Task data:
******************************
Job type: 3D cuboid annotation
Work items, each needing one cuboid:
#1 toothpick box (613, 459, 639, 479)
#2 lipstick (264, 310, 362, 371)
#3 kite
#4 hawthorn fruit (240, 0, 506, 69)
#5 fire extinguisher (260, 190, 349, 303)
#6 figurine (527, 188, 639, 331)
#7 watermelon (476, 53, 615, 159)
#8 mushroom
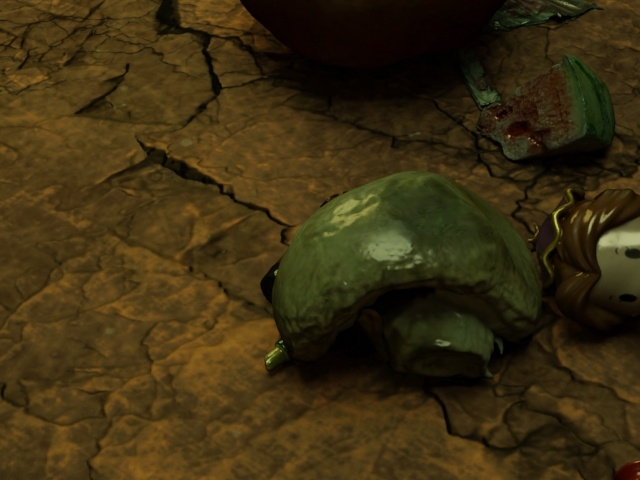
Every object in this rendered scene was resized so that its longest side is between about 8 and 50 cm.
[{"bbox_3d":[0.283,0.233,1.116,0.047,0.047,0.083,-4,44,-1],"label":"toothpick box"},{"bbox_3d":[-0.013,0.092,1.284,0.116,0.037,0.037,-35,53,-21],"label":"lipstick"},{"bbox_3d":[0.161,-0.287,1.663,0.405,0.014,0.368,-12,45,-8],"label":"kite"},{"bbox_3d":[0.063,-0.415,1.523,0.402,0.403,0.403,-2,45,2],"label":"hawthorn fruit"},{"bbox_3d":[0.000,0.000,1.365,0.062,0.050,0.177,-16,27,46],"label":"fire extinguisher"},{"bbox_3d":[0.332,0.023,1.262,0.263,0.142,0.189,8,14,13],"label":"figurine"},{"bbox_3d":[0.256,-0.140,1.451,0.158,0.121,0.098,-4,67,5],"label":"watermelon"},{"bbox_3d":[0.094,0.016,1.229,0.266,0.164,0.190,7,51,-9],"label":"mushroom"}]
******************************
For this exercise, please copy exactly the lines of the material above from its first line through the line where "#8 mushroom" appears.

Answer to this task:
Job type: 3D cuboid annotation
Work items, each needing one cuboid:
#1 toothpick box (613, 459, 639, 479)
#2 lipstick (264, 310, 362, 371)
#3 kite
#4 hawthorn fruit (240, 0, 506, 69)
#5 fire extinguisher (260, 190, 349, 303)
#6 figurine (527, 188, 639, 331)
#7 watermelon (476, 53, 615, 159)
#8 mushroom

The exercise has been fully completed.